The Reviews Are In for Mark Ruffalo’s directorial debut “Sympathy for Delicious” : At Movie City News, Larry Gross gives the the first word on the film and it’s good. The Hollywood Reporter‘s John DeFore and The A.V. Club‘s Nathan Rabin, who writes, “Astonishingly, the fact that Orlando Bloom plays a character named The Stain is only the fifth or sixth most moronic and misbegotten aspect of the film…I should also point out that this is not a comedy but rather an unrelentingly dour, portentous drama that expects us to take this foolishness seriously.”
In the U.S. Documentary Competition:
The Reviews Are In for Alex Gibney’s “Casino Jack and the United States of Money,” about disgraced lobbyist Jack Abramoff: Entertainment Weekly’s Owen Gleiberman writes, “‘Casino Jack’ is really a look at how, and why, the government no longer works — how the culture of Washington was effectively rebuilt to sell itself to the highest bidder.” Cinematical’s Scott Weinberg concurs, writing, “while ‘Casino Jack’ is a colorful but unflinching smack at Jack, it also speaks to something a lot larger than just one gang of crooks.”
The Reviews Are In for Jennifer Arnold’s “A Small Act” about the bond between a Kenyan whose education was sponsored by a German Holocaust survivor: Roger Ebert writes that the film left him “filled with hope.”

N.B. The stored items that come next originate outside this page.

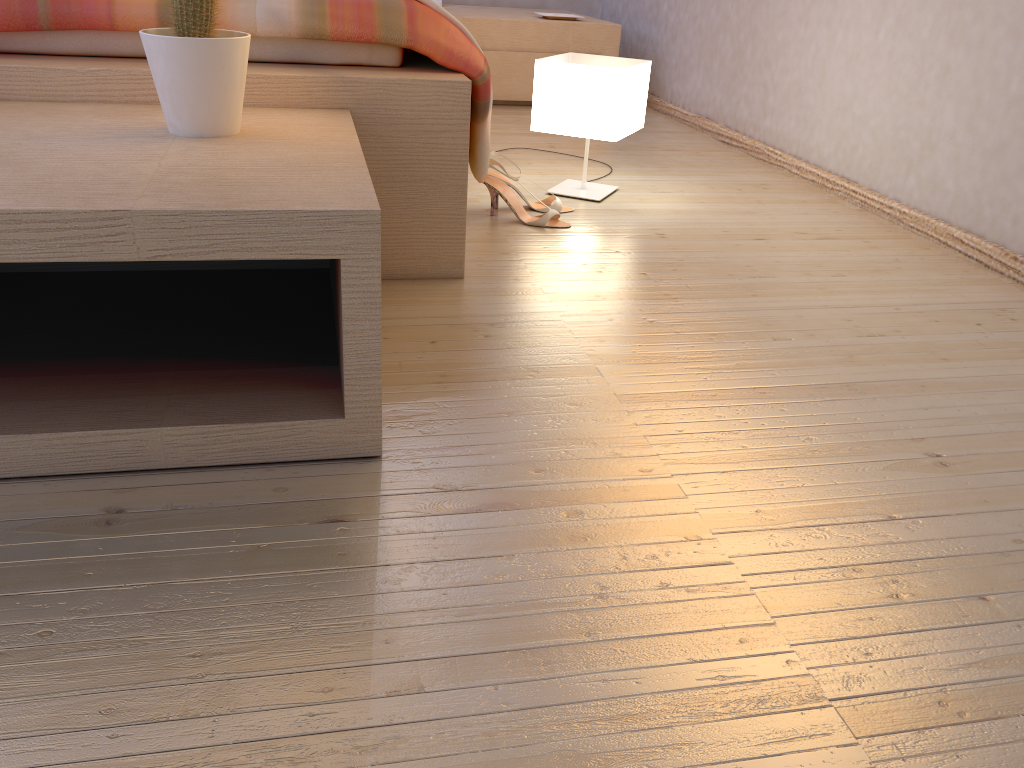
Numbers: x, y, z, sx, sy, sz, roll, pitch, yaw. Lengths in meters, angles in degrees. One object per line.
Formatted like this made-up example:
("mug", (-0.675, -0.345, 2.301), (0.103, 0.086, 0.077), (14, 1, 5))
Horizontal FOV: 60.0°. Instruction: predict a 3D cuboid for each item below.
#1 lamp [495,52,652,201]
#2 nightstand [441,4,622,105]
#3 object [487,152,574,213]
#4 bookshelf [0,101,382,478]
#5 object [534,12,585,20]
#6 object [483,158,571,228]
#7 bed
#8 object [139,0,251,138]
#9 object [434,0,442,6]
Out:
("lamp", (-0.172, -1.338, 3.113), (0.396, 0.788, 2.551), (-7, 28, -21))
("nightstand", (-0.072, -1.463, 3.917), (0.859, 0.329, 0.847), (-2, 26, -13))
("object", (0.040, -0.489, 2.140), (0.235, 0.132, 0.079), (0, 26, -7))
("bookshelf", (-0.945, -0.158, 1.126), (1.495, 0.303, 0.643), (-2, 26, -13))
("object", (0.195, -1.522, 3.676), (0.179, 0.015, 0.177), (-2, 26, -12))
("object", (0.028, -0.445, 2.048), (0.235, 0.132, 0.079), (12, 27, 16))
("bed", (-1.311, -1.264, 2.574), (2.087, 0.994, 3.009), (-2, 26, -13))
("object", (-0.430, -0.485, 1.204), (0.144, 0.294, 0.144), (9, 26, 10))
("object", (-0.422, -1.769, 4.033), (0.192, 0.087, 0.153), (-2, 26, -13))
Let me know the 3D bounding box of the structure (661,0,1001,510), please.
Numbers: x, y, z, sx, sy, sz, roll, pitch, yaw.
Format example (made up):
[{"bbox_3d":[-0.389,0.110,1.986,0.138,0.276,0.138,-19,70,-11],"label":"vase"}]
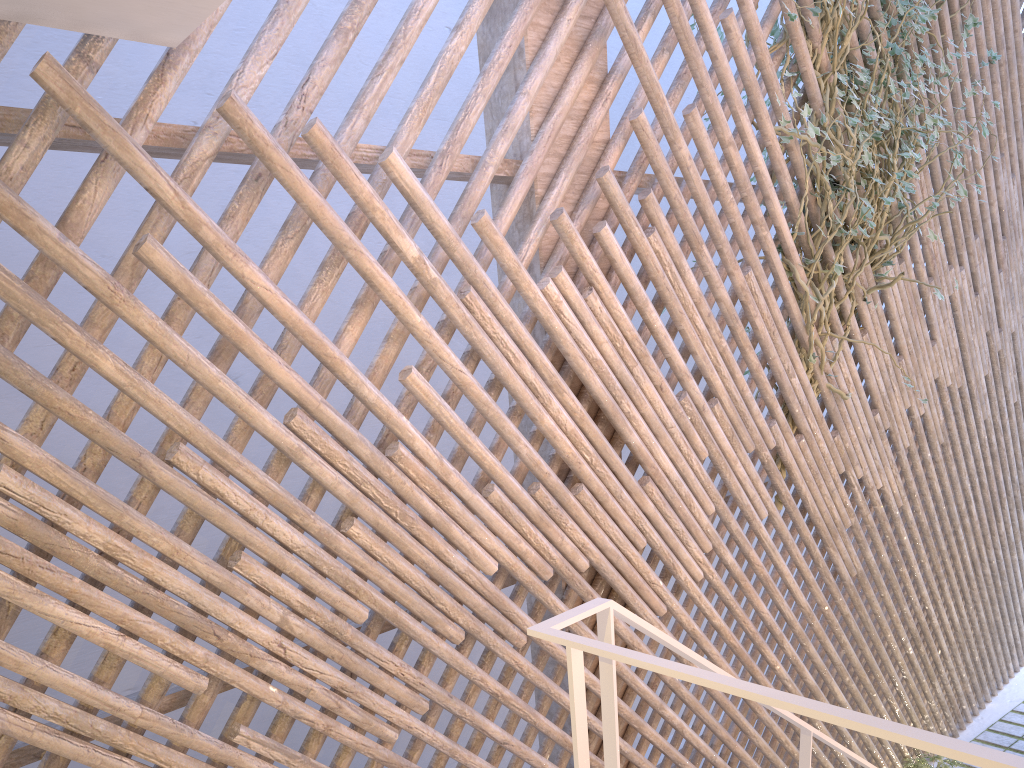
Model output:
[{"bbox_3d":[1.142,-1.079,2.473,0.707,2.994,2.204,15,24,43],"label":"structure"}]

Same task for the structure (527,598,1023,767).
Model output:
[{"bbox_3d":[0.748,1.192,1.841,1.840,2.158,1.134,-18,21,-42],"label":"structure"}]

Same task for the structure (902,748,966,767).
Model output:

The Reviews Are In for “Smash His Camera”: Besides IFC.com, AJ Schnack has a roundup of reviews. L.A. Weekly’s Karina Longworth weighs in with a comparison to “Teenage Paparazzo” and Entertainment Weekly’s Owen Gleiberman writes “‘Smash His Camera’ makes you see why Ron Galella was Andy Warhol’s favorite photographer. Galella’s photographs…are raw, beautiful, shocking, tender, fascinating, and real. They’re proof that starting in the late 20th century, art and voyeurism could no longer be separated.”
In the World Documentary Competition Section:
The Reviews Are In for “His & Hers,” the Irish love story told entirely by women: The A.V. Club’s Noel Murray gives the film a B+. Blast‘s Ned Prickett found the film to be “funny, moving, and always affecting.”
In the Park City at Midnight Section:
The Reviews Are In for the Adrien Brody-starring pot comedy “HIGH School”: The L.A. Times’ reports on what sounds like a very successful premiere screening.